=== What is needed ===
Find "Navigate to the" in the material, then return exactly the line containing it and all lines after it to the end, leaving out pictures.
-*-
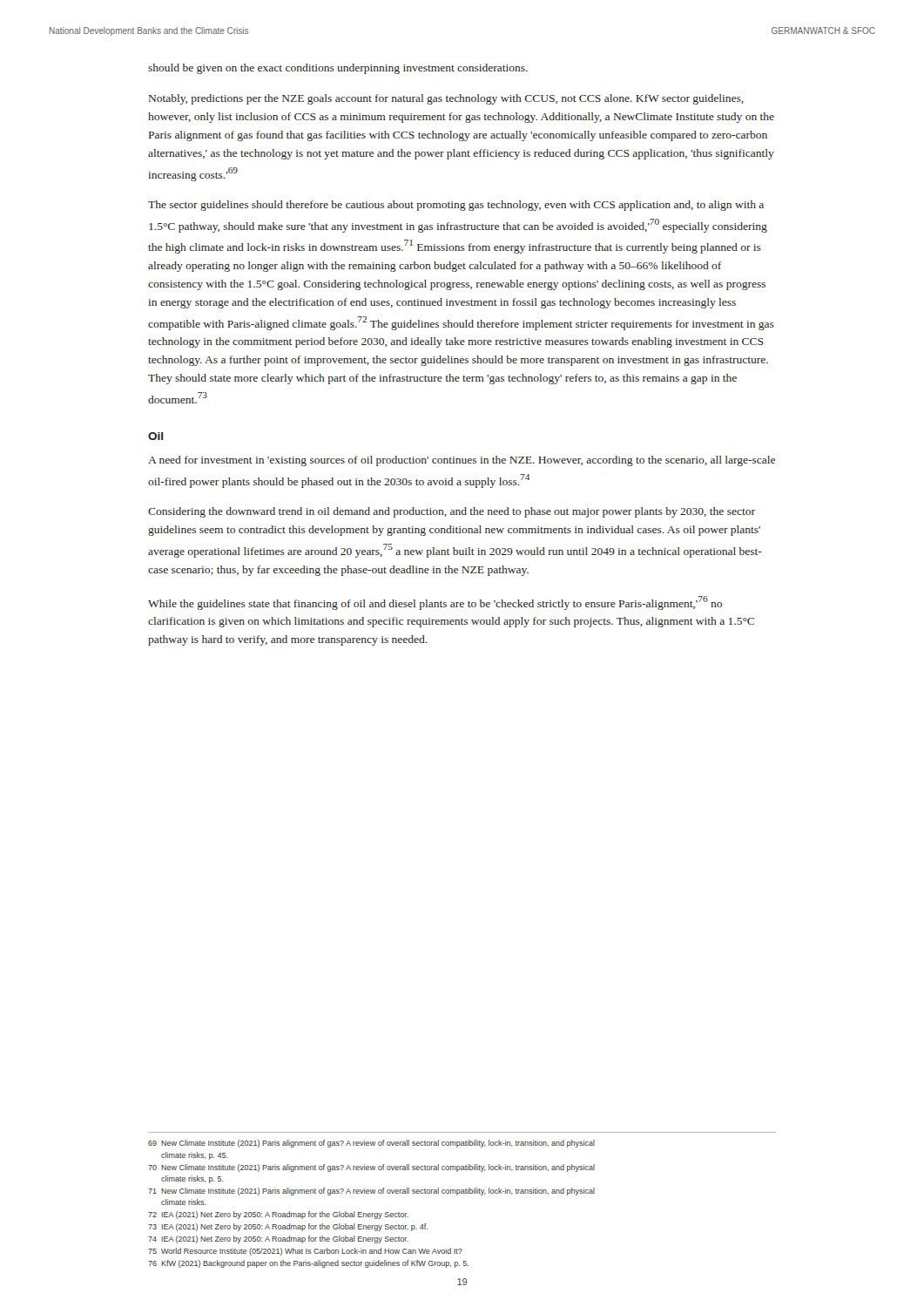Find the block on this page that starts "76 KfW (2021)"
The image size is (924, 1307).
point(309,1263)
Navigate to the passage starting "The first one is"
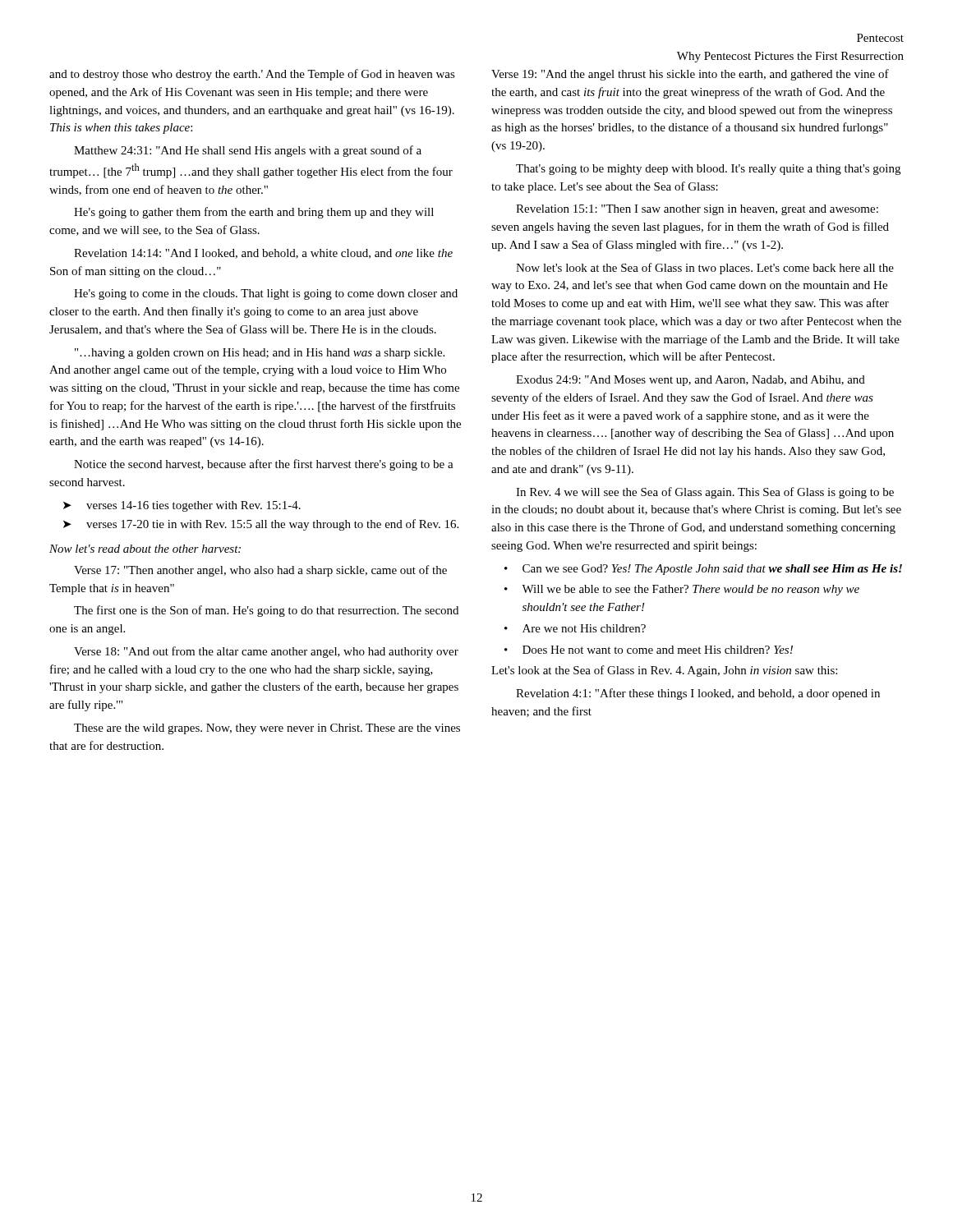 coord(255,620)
-*-
=== Result of this exercise ===
Navigate to the passage starting "The first one is"
 coord(255,620)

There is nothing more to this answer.